[Data records]
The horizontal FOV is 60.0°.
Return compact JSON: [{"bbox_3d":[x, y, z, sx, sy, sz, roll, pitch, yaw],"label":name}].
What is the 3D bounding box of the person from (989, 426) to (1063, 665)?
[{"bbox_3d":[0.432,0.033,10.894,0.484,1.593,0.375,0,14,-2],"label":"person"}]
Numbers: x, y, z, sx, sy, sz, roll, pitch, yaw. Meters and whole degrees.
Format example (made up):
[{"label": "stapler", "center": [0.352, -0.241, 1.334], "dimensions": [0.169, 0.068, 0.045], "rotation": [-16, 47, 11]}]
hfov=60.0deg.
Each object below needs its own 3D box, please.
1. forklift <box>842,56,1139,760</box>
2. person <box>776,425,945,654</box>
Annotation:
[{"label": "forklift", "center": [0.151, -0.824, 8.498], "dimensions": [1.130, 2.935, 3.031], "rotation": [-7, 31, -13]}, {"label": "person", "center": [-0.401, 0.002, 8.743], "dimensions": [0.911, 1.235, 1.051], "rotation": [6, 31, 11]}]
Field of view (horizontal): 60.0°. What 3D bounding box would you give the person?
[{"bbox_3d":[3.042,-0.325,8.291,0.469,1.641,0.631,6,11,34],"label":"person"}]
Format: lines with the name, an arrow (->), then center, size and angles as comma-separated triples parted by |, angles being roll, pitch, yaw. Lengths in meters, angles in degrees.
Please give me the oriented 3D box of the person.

## WHAT NEEDS TO BE DONE
Search the records for the word "name" and copy every line where it occurs.

## WRITTEN SOLUTION
Return compact JSON: [{"bbox_3d":[x, y, z, sx, sy, sz, roll, pitch, yaw],"label":name}].
Format: lines with the name, an arrow (->), then center, size and angles as comma-separated triples parted by |, angles being roll, pitch, yaw. Lengths in meters, angles in degrees.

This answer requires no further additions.